Stored data:
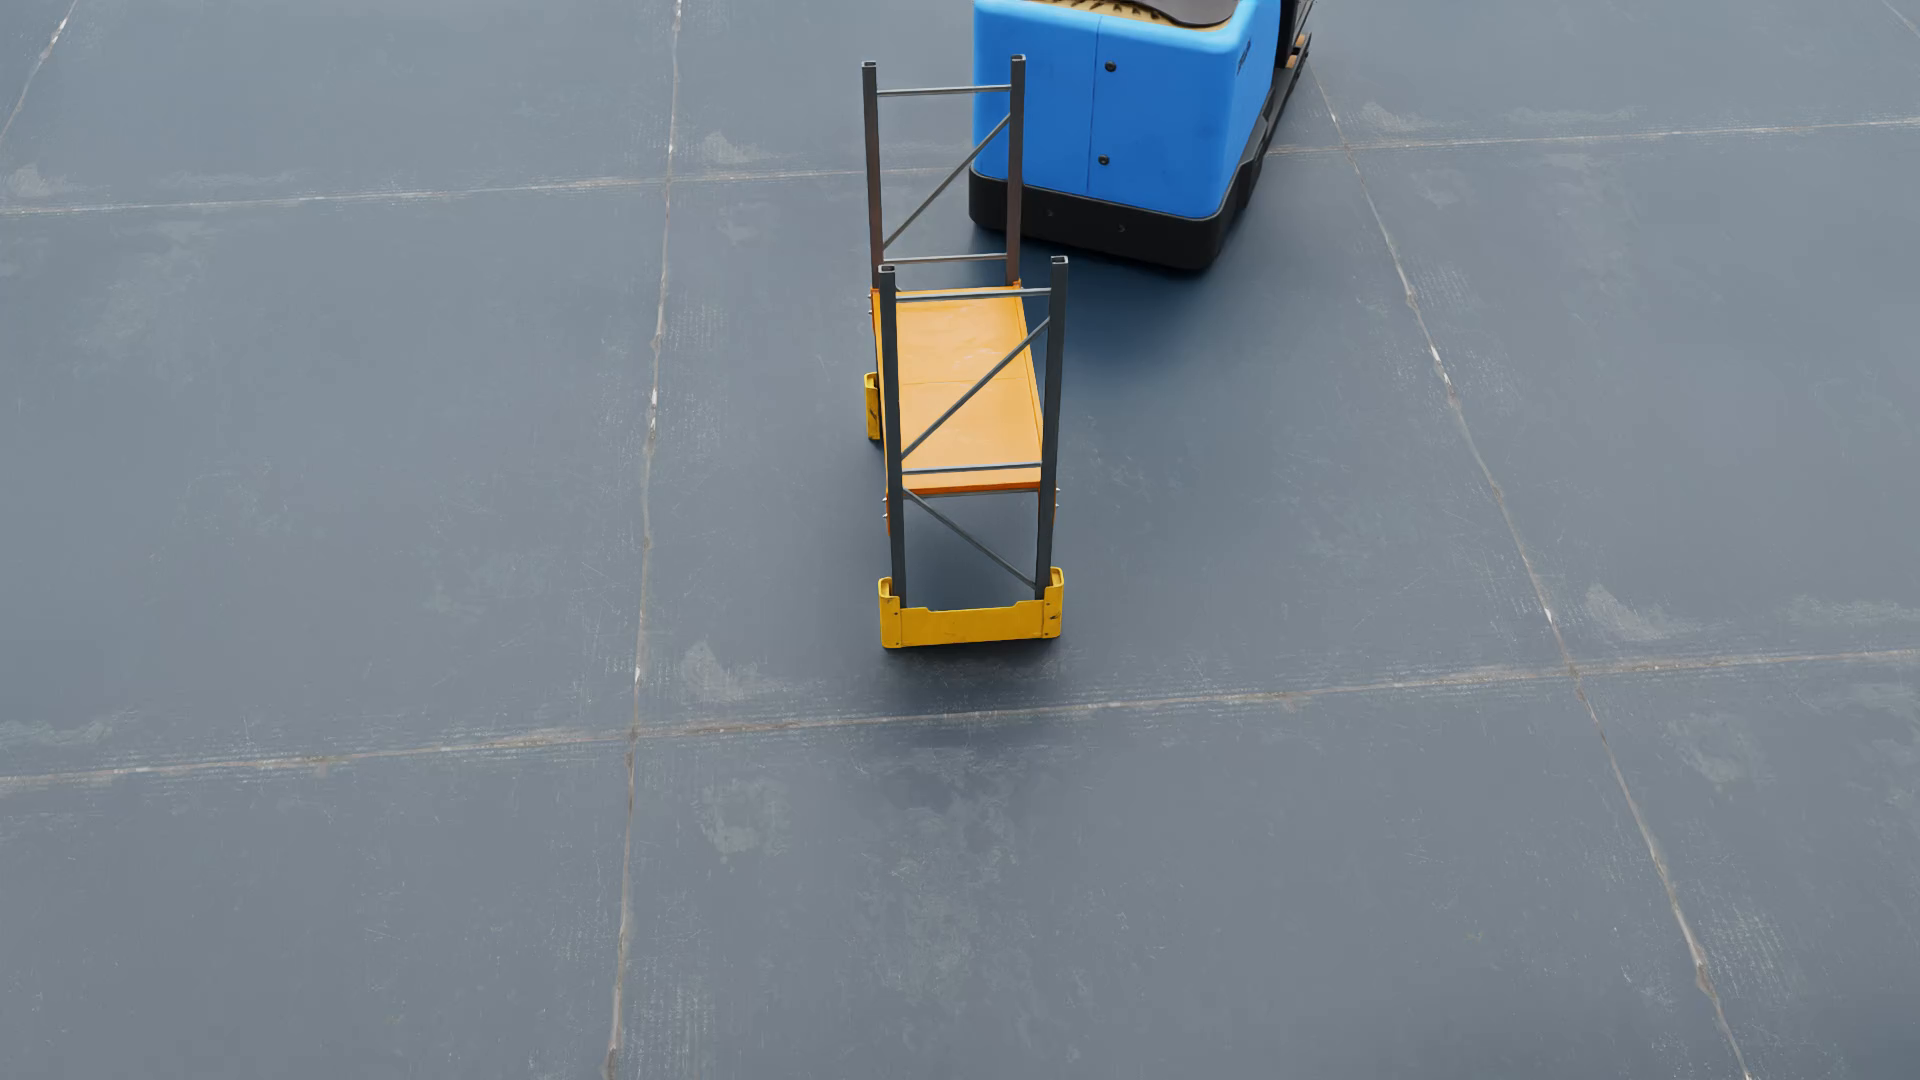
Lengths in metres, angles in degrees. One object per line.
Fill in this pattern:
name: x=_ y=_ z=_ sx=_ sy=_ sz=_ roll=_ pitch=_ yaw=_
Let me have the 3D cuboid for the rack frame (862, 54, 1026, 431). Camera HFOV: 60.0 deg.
rack frame: x=-0.050 y=-0.945 z=5.612 sx=0.500 sy=1.500 sz=0.032 roll=-3 pitch=47 yaw=-3

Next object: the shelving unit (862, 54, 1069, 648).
shelving unit: x=-0.006 y=-0.571 z=5.258 sx=0.587 sy=1.500 sz=1.083 roll=-3 pitch=47 yaw=-3

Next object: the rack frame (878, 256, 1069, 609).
rack frame: x=0.035 y=-0.210 z=4.916 sx=0.500 sy=1.500 sz=0.032 roll=-3 pitch=47 yaw=-3

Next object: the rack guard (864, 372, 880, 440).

Assigned task:
The records above need retyping in full. Omit the pictures, and change nothing else.

Answer:
Lengths in metres, angles in degrees. One object per line.
Fill in this pattern:
name: x=_ y=_ z=_ sx=_ sy=_ sz=_ roll=_ pitch=_ yaw=_
Let me have the 3D cuboid for the rack frame (862, 54, 1026, 431). Camera HFOV: 60.0 deg.
rack frame: x=-0.050 y=-0.945 z=5.612 sx=0.500 sy=1.500 sz=0.032 roll=-3 pitch=47 yaw=-3

Next object: the shelving unit (862, 54, 1069, 648).
shelving unit: x=-0.006 y=-0.571 z=5.258 sx=0.587 sy=1.500 sz=1.083 roll=-3 pitch=47 yaw=-3

Next object: the rack frame (878, 256, 1069, 609).
rack frame: x=0.035 y=-0.210 z=4.916 sx=0.500 sy=1.500 sz=0.032 roll=-3 pitch=47 yaw=-3

Next object: the rack guard (864, 372, 880, 440).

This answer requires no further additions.